Я понимал, но Ильфу мои объяснения не требовались. Он и сам отлично разбирался в природе явления, с которым столкнулся. Но вот отнесся он к своему недавнему «единомышленнику» несколько неожиданно.
— Мне его очень жаль, — промолвил он, вдруг погрустнев. — Вы думаете, это легко — быть совладельцем литературной фирмы и торговать своими читательскими и зрительскими пристрастиями? Вы себе представляете, как этому человечишке хочется написать о том, что он действительно думает, и насколько хлеще он бы написал свое сочинение, ежели бы ему это разрешили компаньоны по группе? Вот то-то! А вы смеетесь. — И, посмотрев на мое серьезное лицо, Ильф весело рассмеялся.

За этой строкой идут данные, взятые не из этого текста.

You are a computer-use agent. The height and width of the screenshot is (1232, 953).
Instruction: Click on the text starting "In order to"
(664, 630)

Вспомнив об этом разговоре, я подумал о том, каким широким человеком был Ильф. Рядом с заморышами из всяческих тогдашних литературных сект, все мировоззрение которых укладывалось в какие-нибудь две мысли и четыре соображения, рядом с апологетами групповщины, позволявшими себе восхищаться только общепринятым в группе набором «правильных» сочинений, круг его литературных симпатий и интересов был просто безбрежен. Достаточно было в книге, фильме или спектакле появиться хотя бы отблеску мысли или таланта, свидетельствующему о том, что автор размышляет, трудится, ищет, как у Ильфа возникали к этому автору интерес и симпатия.

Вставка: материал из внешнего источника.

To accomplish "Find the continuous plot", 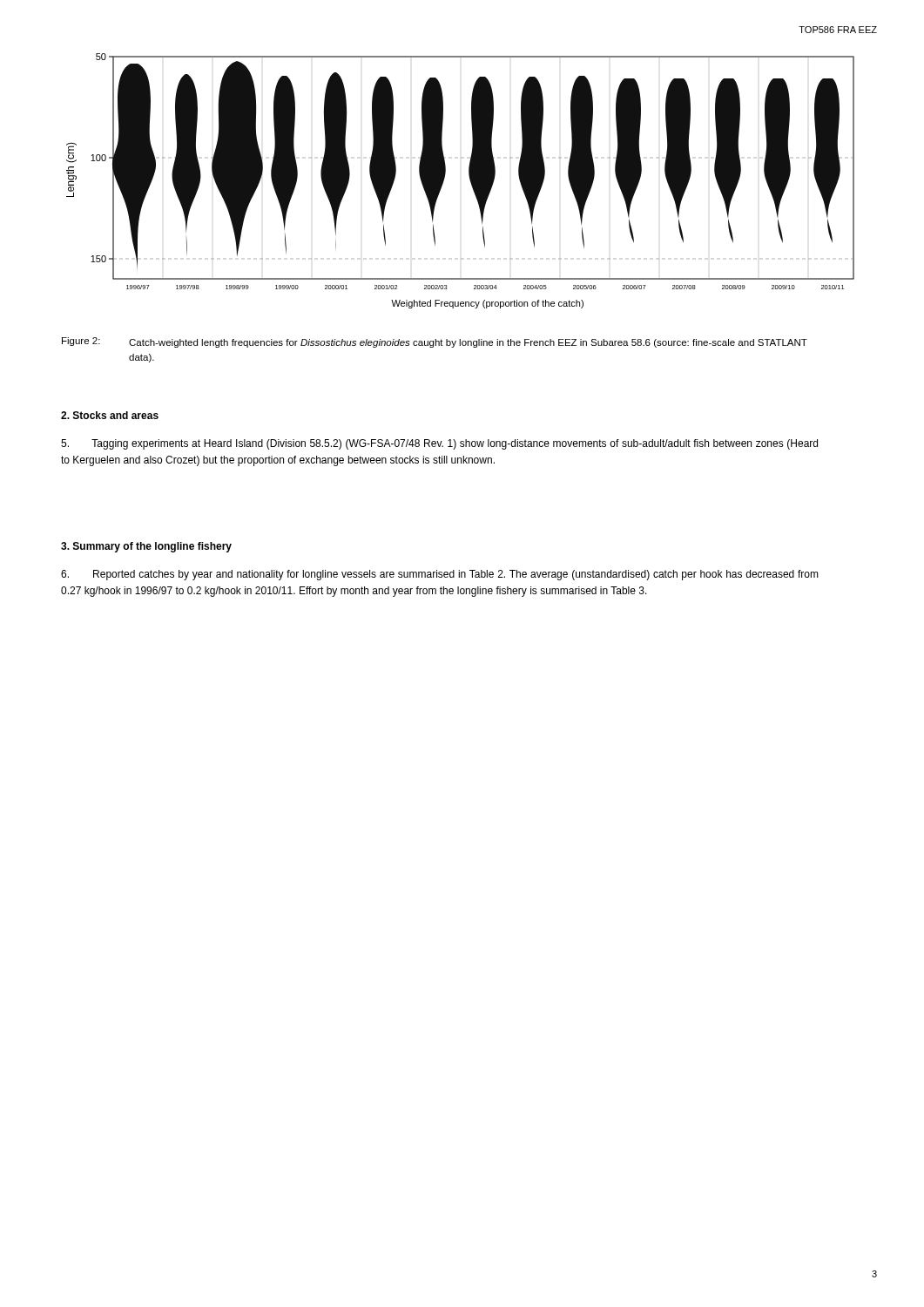I will 462,183.

— Будьте лояльны,- любил он повторять. — Будьте благожелательны. Ждите от людей добра, верьте в человеческие возможности! Упаси вас бог от литературных предубеждений!
И всем своим поведением — литераторским и в общении с людьми, не имевшими отношения к литературе, — Ильф подтверждал искренность этих своих призывов.
Однажды он сказал об авторе довольно посредственной книги:
— Подумайте, мы с Женей были уже всамделишные писатели, когда он только начинал бороться со словом «который», а теперь, вот видите, написал не очень плохую книжку. Вы себе представляете, как ему это было трудно?
И в голосе у Ильфа мне послышалась не насмешка, а уважение к трудолюбивому литератору, победившему почти непреодолимые для него преграды.
Уважение к человеческому труду и яростная ненависть ко всякого рода ловкачеству, к стремлению пролезть вперед, растолкав других локтями, всучить продукт недобросовестного труда, были свойственны Ильфу и Петрову в одинаковой степени. И нужно ли удивляться, что они не уставали об этом писать, всякий раз находя все новые и новые способы больно и точно хлестнуть по отчаянно извивающимся и необыкновенно живучим человекообразным из породы ловкачей и стяжателей.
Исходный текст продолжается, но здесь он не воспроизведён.